- Assignment: From the entries below, transcribe exactly the lines between the line holding "Operation: 3D cuboid" and the line holding "2) small box <box>615,802,885,959</box>", inclusive; skip all other lines.

- Data to process:
*** Begin section ***

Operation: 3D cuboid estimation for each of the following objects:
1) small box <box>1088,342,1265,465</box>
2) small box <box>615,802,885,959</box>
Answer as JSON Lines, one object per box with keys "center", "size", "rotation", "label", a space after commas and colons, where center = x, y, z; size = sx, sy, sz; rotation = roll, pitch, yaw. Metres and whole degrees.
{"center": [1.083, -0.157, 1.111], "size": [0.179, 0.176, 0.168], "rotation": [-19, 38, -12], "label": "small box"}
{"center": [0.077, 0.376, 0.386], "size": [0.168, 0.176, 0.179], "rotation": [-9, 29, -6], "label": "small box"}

*** End section ***
*** Begin section ***

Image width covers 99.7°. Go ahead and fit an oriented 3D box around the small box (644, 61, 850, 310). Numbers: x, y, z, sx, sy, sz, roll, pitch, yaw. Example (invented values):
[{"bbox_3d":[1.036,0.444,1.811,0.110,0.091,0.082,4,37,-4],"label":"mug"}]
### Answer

*** End section ***
*** Begin section ***

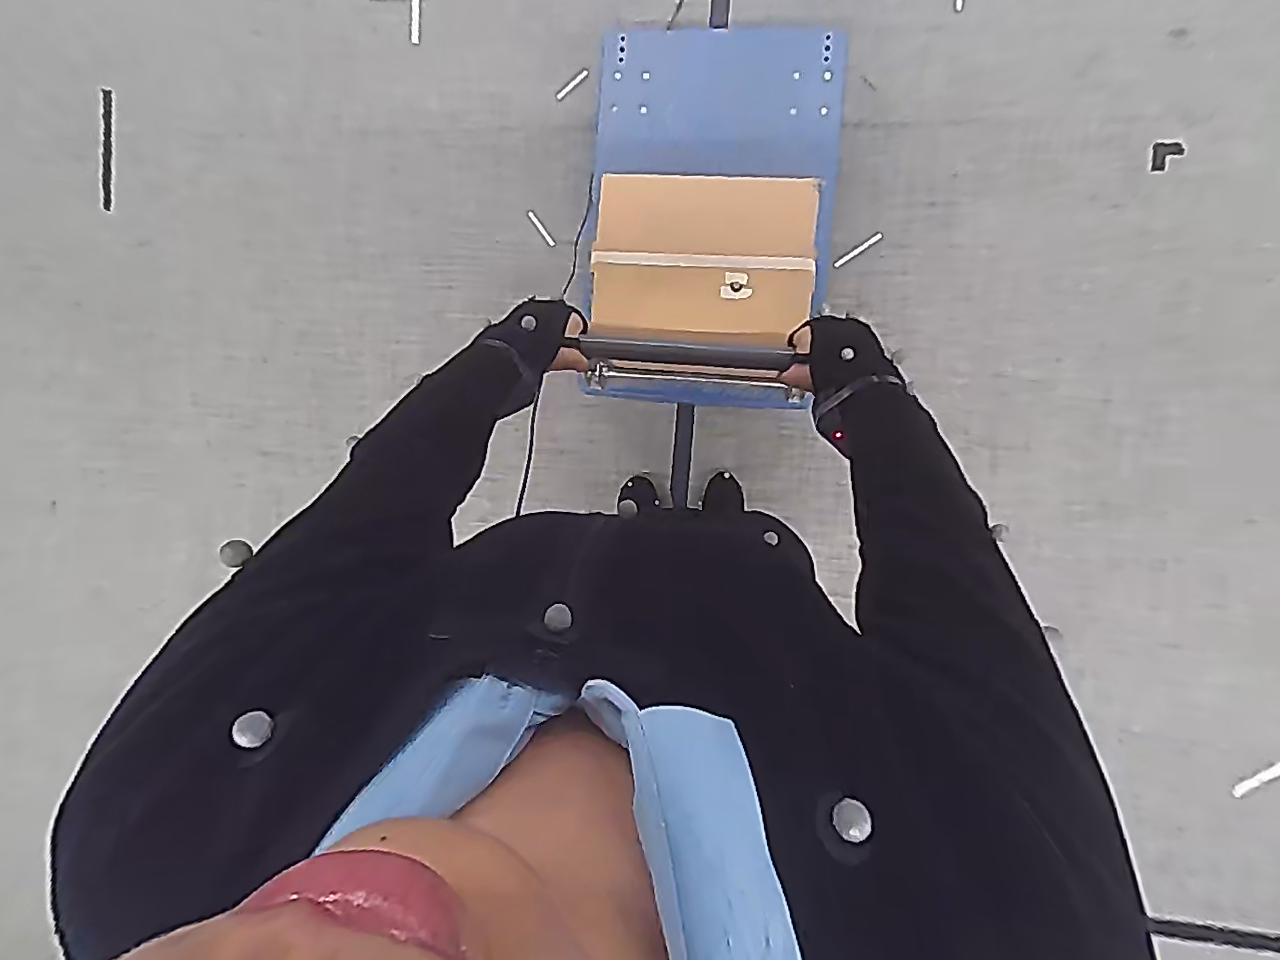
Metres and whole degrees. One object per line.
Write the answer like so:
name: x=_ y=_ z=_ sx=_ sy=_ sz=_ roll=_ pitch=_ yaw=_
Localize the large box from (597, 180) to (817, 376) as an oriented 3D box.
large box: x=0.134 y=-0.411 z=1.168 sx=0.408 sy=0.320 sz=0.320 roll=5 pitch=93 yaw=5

*** End section ***

- Answer to the problem:
Operation: 3D cuboid estimation for each of the following objects:
1) small box <box>1088,342,1265,465</box>
2) small box <box>615,802,885,959</box>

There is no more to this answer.